Example of auto_ptr's typical use:
void foo()
{
auto_ptr<int> bar = auto_ptr<int>(new int);
...
return; //memory held by auto_ptr is automatically deleted
}
Anything beyond this use is potentially dangerous and/or broken if you are not sure of the special semantics of auto_ptr. (Edit: clarify based on Armen's comment)
With the new standard coming (and parts already available in some compilers), the new type std::unique_ptr is supposed to be a replacement for std::auto_ptr.
Does their usage exactly overlap (so I can do a global find/replace on my code (not that I would do this, but if I did)) or should I be aware of some differences that are not apparent from reading the documentation?
Also if it is a direct replacement, why give it a new name rather than just improve the std::auto_ptr?
You cannot do a global find/replace because you can copy an auto_ptr (with known consequences), but a unique_ptr can only be moved. Anything that looks like
std::auto_ptr<int> p(new int);
std::auto_ptr<int> p2 = p;
will have to become at least like this
std::unique_ptr<int> p(new int);
std::unique_ptr<int> p2 = std::move(p);
As for other differences, unique_ptr can handle arrays correctly (it will call delete[], while auto_ptr will attempt to call delete.

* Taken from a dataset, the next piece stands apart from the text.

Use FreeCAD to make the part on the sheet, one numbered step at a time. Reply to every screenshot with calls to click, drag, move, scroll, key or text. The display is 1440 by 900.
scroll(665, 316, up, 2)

std::auto_ptr and std::unique_ptr are incompatible in someways and a drop in replacement in others. So, no find/replace isn't good enough. However, after a find/replace working through the compile errors should fix everything except weird corner cases. Most of the compile errors will require adding a std::move.
Function scope variable:
100% compatible, as long as you don't pass it by value to another function.
Return type:
not 100% compatible but 99% compatible doesn't seem wrong.

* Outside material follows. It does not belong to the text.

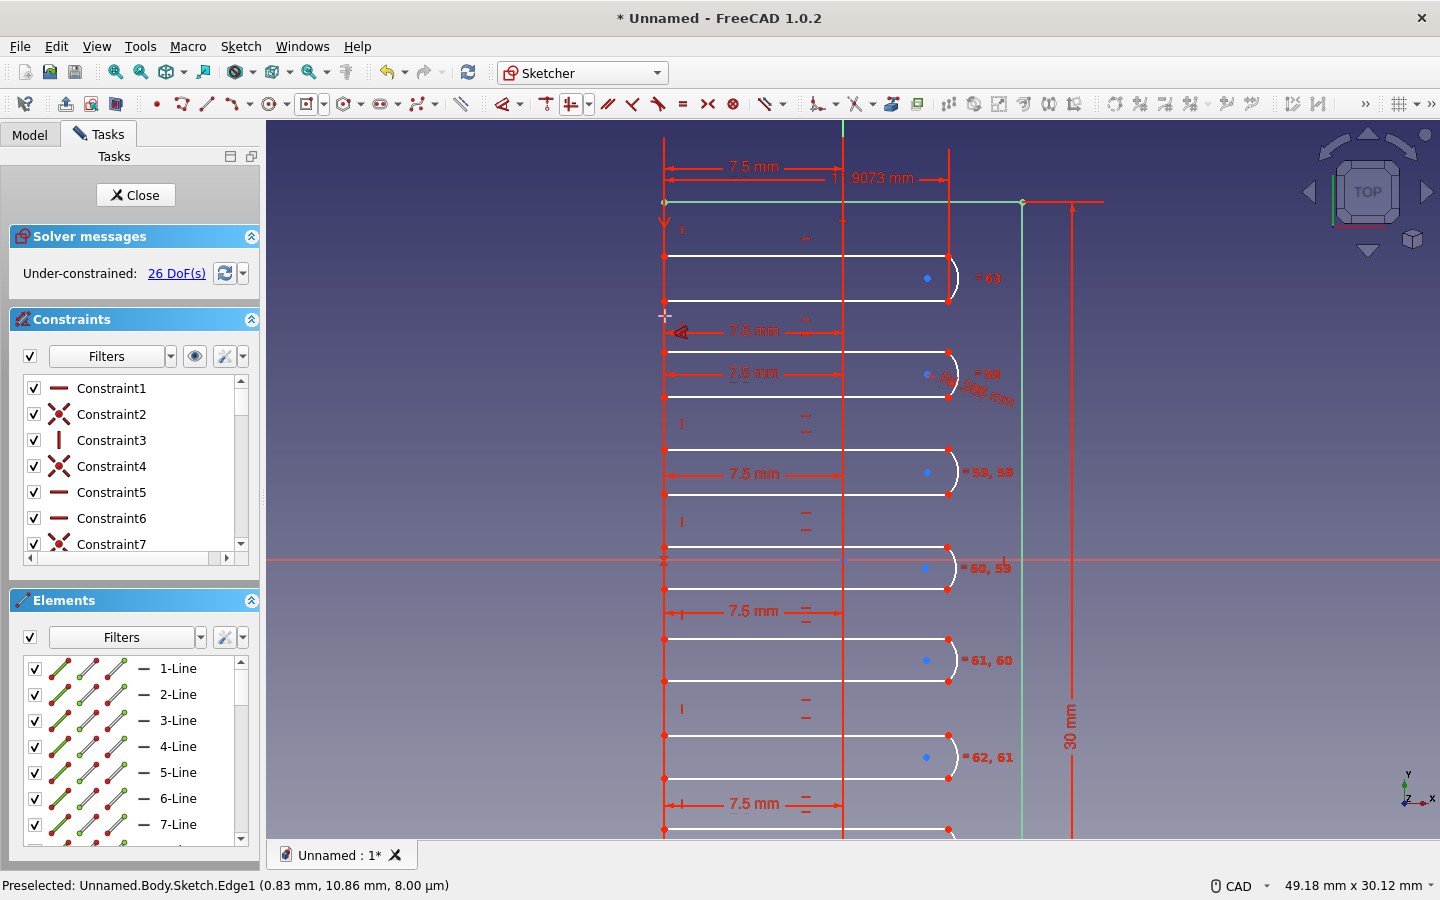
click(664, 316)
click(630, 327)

Function parameter by value:
100% compatible with one caveat, unique_ptrs must be passed through a std::move call. This one is simple as the compiler will complain if you don't get it right.
Function parameter by reference:
100% compatible.
Class member variable:
This one is tricky. std::auto_ptrs copy semantics are evil. If the class disallows copying then std::unique_ptr is a drop in replacement. However, if you tried to give the class reasonable copy semantics, you'll need to change the std::auto_ptr handling code. This is simple as the compiler will complain if you don't get it right. If you allowed copying of a class with a std::auto_ptr member without any special code, then shame on you and good luck.
In summary, std::unique_ptr is an unbroken std::auto_ptr. It disallows at compile time behaviors that were often errors when using a std::auto_ptr. So if you used std::auto_ptr with the care it needed, switching to std::unique_ptr should be simple. If you relied on std::auto_ptr's odd behavior, then you need to refactor your code anyway.
AFAIK, unique_ptr is not a direct replacement. The major flaw that it fixes is the implicit transfer of ownership.
std::auto_ptr<int> a(new int(10)), b;
b = a; //implicitly transfers ownership
std::unique_ptr<int> a(new int(10)), b;
b = std::move(a); //ownership must be transferred explicitly
On the other hand, unique_ptr will have completely new capabilities: they can be stored in containers.
Herb Sutter has a nice explanation on GotW #89:
What’s the deal with auto_ptr? auto_ptr is most charitably characterized as a valiant attempt to create a unique_ptr before C++
had move semantics. auto_ptr is now deprecated, and should not be used
in new code.
If you have auto_ptr in an existing code base, when you get a chance
try doing a global search-and-replace of auto_ptr to unique_ptr; the
vast majority of uses will work the same, and it might expose (as a
compile-time error) or fix (silently) a bug or two you didn't know you
had.
In other words, while a global search-and-replace may "break" your code temporarily, you should do it anyway: It may take some time to fix the compile errors, but will save you a lot more trouble in the long run.